We have now to apply the principle concerning the psychological origin of quantity and number to education. We have seen (a) the need in life, the demand in actual experience of the race and the individual, which brings the numerical operations; the process of measuring, into existence. We have seen (b) what forms number is required to assume in order to meet the need, fulfil the demand. We have now to inquire how far

* The pedagogical consequences of neglecting this principle will be seen in discussing the Grube method, or use of the fixed unit.

these ideas and principles have a practical application in educational processes.

The school and its operations must be either a natural or an artificial thing. Every one will admit that if it is artificial, if it abandons or distorts the normal processes of gaining and using experience, it is false to its aim and inefficient in its method. The development of number in the schools should therefore follow the principle of its normal psychological development in life. If this normal origin and growth have been correctly described, we have a means for determining the true place of number as a means of education. It will require further development of the idea of number to show the educational principles corresponding to the growth of numerical concepts and operations in themselves, but we already have the principle for deciding how number is to be treated as regards other phases of experience.

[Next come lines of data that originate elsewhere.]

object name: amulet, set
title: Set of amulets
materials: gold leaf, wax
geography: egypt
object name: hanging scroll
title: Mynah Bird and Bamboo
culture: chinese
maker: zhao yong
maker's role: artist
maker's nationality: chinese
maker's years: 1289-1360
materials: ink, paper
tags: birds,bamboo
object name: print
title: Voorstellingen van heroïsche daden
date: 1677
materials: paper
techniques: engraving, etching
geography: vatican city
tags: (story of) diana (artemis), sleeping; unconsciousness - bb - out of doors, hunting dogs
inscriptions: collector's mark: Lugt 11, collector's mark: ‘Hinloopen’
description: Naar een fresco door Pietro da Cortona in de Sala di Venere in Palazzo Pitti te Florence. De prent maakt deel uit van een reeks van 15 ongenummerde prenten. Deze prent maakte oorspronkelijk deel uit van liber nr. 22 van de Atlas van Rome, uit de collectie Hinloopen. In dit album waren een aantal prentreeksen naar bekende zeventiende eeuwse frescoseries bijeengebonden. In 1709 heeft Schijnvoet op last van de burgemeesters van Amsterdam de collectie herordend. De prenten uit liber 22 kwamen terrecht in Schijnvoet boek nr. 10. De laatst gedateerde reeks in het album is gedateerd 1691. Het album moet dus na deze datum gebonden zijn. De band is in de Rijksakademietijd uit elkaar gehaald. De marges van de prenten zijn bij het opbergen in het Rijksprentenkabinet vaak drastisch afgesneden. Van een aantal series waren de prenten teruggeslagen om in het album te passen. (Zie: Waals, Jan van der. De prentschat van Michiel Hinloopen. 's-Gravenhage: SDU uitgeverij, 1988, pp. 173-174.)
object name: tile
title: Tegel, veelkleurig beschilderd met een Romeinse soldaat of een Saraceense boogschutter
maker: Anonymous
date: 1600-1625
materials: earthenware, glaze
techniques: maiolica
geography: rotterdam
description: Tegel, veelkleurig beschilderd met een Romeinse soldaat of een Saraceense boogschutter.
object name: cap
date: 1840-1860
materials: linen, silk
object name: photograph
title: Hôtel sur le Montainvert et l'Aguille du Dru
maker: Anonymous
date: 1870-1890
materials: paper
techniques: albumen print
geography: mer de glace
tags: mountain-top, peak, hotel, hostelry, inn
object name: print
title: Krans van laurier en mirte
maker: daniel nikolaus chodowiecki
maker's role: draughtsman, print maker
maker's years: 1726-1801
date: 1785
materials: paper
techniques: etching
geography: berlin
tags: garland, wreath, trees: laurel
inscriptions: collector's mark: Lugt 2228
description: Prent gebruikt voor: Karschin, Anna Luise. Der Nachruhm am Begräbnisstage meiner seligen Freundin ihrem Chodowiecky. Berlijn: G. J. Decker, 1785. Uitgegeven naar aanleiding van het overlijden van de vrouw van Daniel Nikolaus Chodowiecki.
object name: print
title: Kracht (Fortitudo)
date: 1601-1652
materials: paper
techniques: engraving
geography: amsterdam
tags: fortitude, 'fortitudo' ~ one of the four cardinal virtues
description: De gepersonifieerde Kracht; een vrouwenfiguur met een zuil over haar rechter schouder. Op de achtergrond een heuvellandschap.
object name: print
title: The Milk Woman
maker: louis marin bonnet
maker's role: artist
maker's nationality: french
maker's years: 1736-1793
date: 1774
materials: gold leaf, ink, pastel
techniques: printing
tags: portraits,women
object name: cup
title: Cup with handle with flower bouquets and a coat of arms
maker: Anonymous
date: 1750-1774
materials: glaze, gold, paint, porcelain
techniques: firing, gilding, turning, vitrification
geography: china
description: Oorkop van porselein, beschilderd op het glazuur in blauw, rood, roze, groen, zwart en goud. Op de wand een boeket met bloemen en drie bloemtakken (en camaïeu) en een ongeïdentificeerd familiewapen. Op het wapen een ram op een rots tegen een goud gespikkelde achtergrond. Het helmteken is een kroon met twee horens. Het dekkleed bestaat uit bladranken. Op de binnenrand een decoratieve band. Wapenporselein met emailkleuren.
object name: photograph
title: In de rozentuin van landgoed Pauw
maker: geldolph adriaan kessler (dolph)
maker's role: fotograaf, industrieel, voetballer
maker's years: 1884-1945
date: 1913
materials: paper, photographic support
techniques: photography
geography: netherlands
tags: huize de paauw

THE TWO METHODS: THINGS; SYMBOLS.-The principle corresponding with the psychological law-the translation of the psychological theory into educational practice may be most clearly brought out by contrasting it with two methods of teaching, opposed to each other, and yet both at variance with normal psychological growth. These two methods consist, the one in teaching number merely as a set of symbols; the other in treating it as a direct property of objects. The former method, that of symbols, is illustrated in the old-fashioned ways-not yet quite obsolete — of teaching addition, subtraction, etc., as something to be done with "figures," and giving elaborate rules which might guide the doer to certain results called "answers."